Excerpts from a dataset:

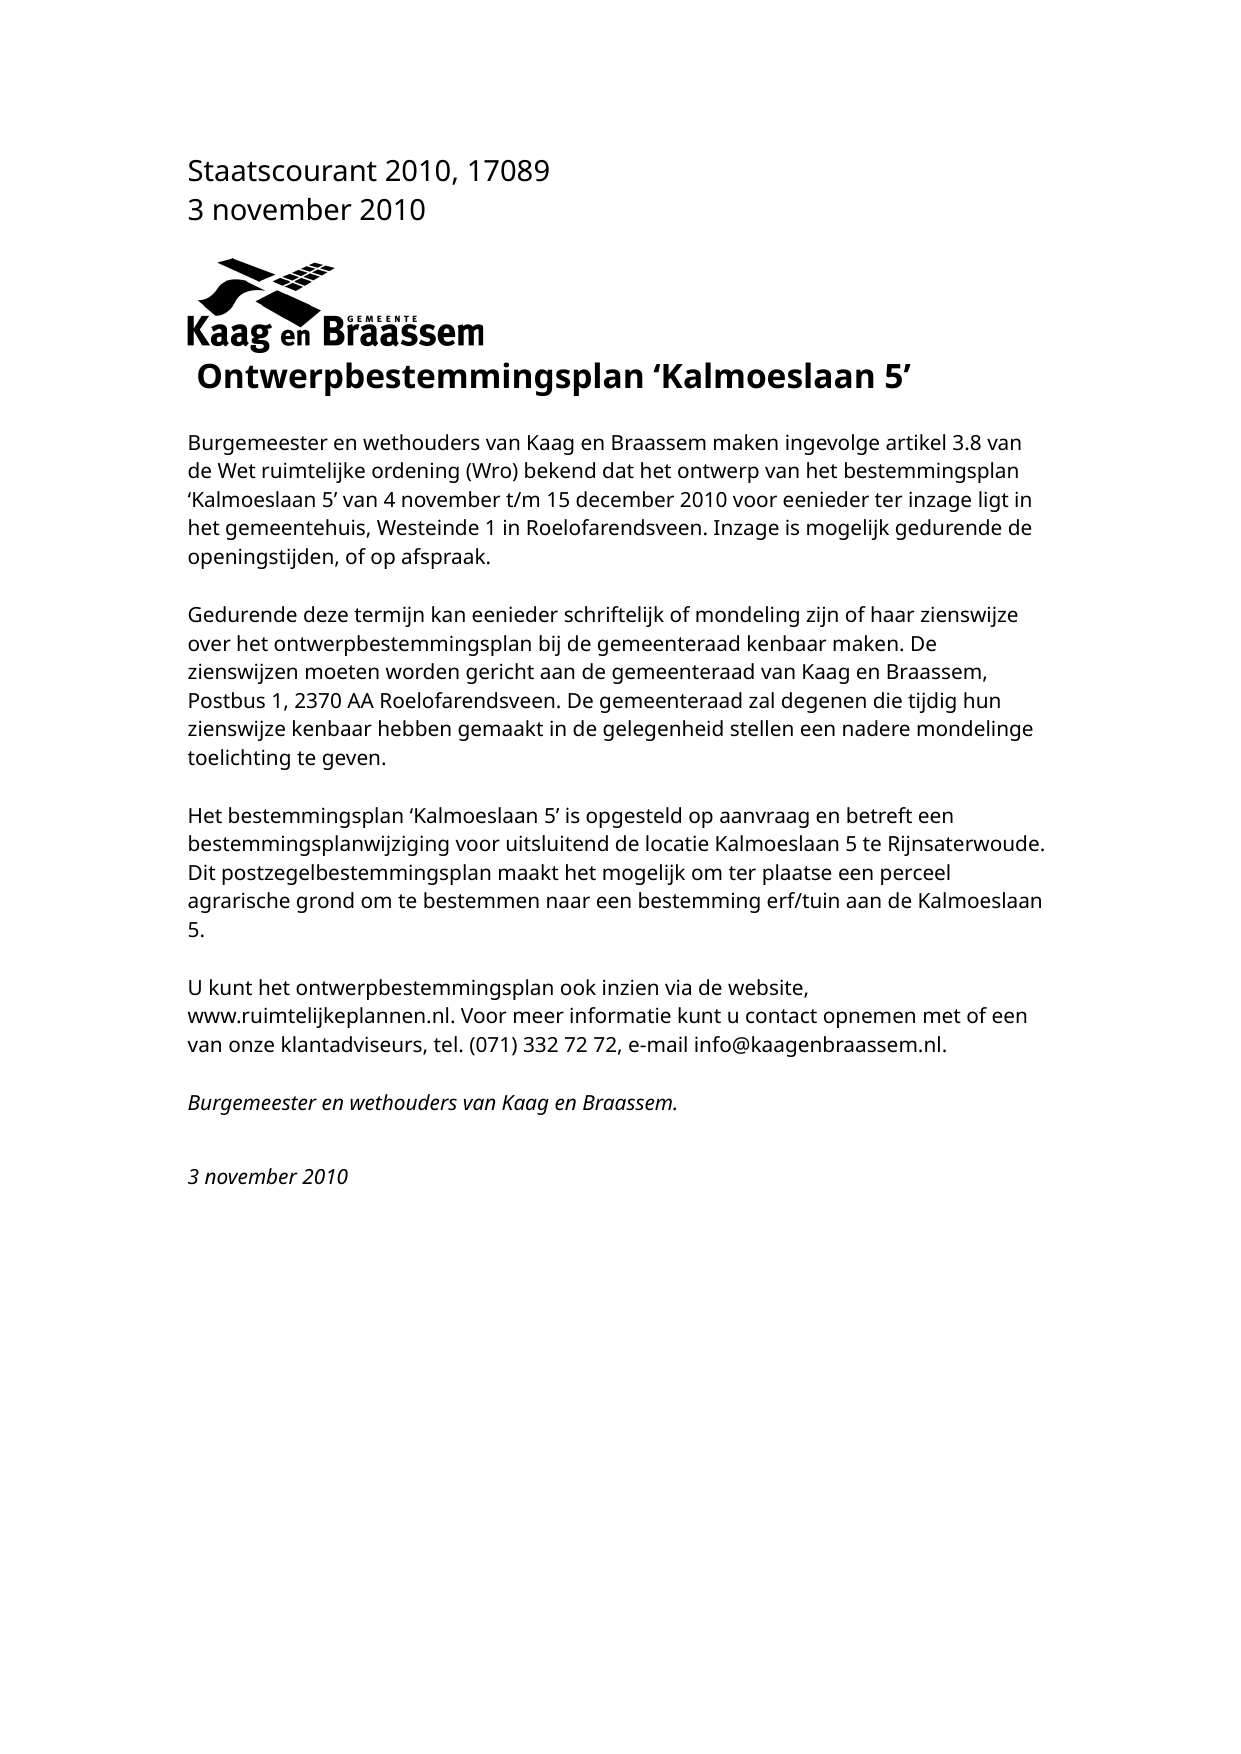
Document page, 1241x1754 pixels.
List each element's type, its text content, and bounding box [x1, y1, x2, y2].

text 3 november 2010 [187, 190, 1053, 229]
text Het bestemmingsplan ‘Kalmoeslaan 5’ is opgesteld op aanvraag en betreft een bestemmingsplanwijziging voor uitsluitend de locatie Kalmoeslaan 5 te Rijnsaterwoude. Dit postzegelbestemmingsplan maakt het mogelijk om ter plaatse een perceel agrarische grond om te bestemmen naar een bestemming erf/tuin aan de Kalmoeslaan 5. [187, 801, 1053, 943]
picture [187, 258, 484, 353]
text Gedurende deze termijn kan eenieder schriftelijk of mondeling zijn of haar zienswijze over het ontwerpbestemmingsplan bij de gemeenteraad kenbaar maken. De zienswijzen moeten worden gericht aan de gemeenteraad van Kaag en Braassem, Postbus 1, 2370 AA Roelofarendsveen. De gemeenteraad zal degenen die tijdig hun zienswijze kenbaar hebben gemaakt in de gelegenheid stellen een nadere mondelinge toelichting te geven. [187, 600, 1053, 771]
text Staatscourant 2010, 17089 [187, 150, 1053, 190]
text U kunt het ontwerpbestemmingsplan ook inzien via de website, www.ruimtelijkeplannen.nl. Voor meer informatie kunt u contact opnemen met of een van onze klantadviseurs, tel. (071) 332 72 72, e-mail info@kaagenbraassem.nl. [187, 973, 1053, 1058]
subtitle Ontwerpbestemmingsplan ‘Kalmoeslaan 5’ [187, 271, 1053, 398]
text 3 november 2010 [187, 1162, 1053, 1190]
text Burgemeester en wethouders van Kaag en Braassem. [187, 1088, 1053, 1117]
text Burgemeester en wethouders van Kaag en Braassem maken ingevolge artikel 3.8 van de Wet ruimtelijke ordening (Wro) bekend dat het ontwerp van het bestemmingsplan ‘Kalmoeslaan 5’ van 4 november t/m 15 december 2010 voor eenieder ter inzage ligt in het gemeentehuis, Westeinde 1 in Roelofarendsveen. Inzage is mogelijk gedurende de openingstijden, of op afspraak. [187, 428, 1053, 570]

Task instructions:
Which lines of the records above hold the word "Kalmoeslaan"? Copy each of them.

Your response:
text Het bestemmingsplan ‘Kalmoeslaan 5’ is opgesteld op aanvraag en betreft een bestemmingsplanwijziging voor uitsluitend de locatie Kalmoeslaan 5 te Rijnsaterwoude. Dit postzegelbestemmingsplan maakt het mogelijk om ter plaatse een perceel agrarische grond om te bestemmen naar een bestemming erf/tuin aan de Kalmoeslaan 5. [187, 801, 1053, 943]
subtitle Ontwerpbestemmingsplan ‘Kalmoeslaan 5’ [187, 271, 1053, 398]
text Burgemeester en wethouders van Kaag en Braassem maken ingevolge artikel 3.8 van de Wet ruimtelijke ordening (Wro) bekend dat het ontwerp van het bestemmingsplan ‘Kalmoeslaan 5’ van 4 november t/m 15 december 2010 voor eenieder ter inzage ligt in het gemeentehuis, Westeinde 1 in Roelofarendsveen. Inzage is mogelijk gedurende de openingstijden, of op afspraak. [187, 428, 1053, 570]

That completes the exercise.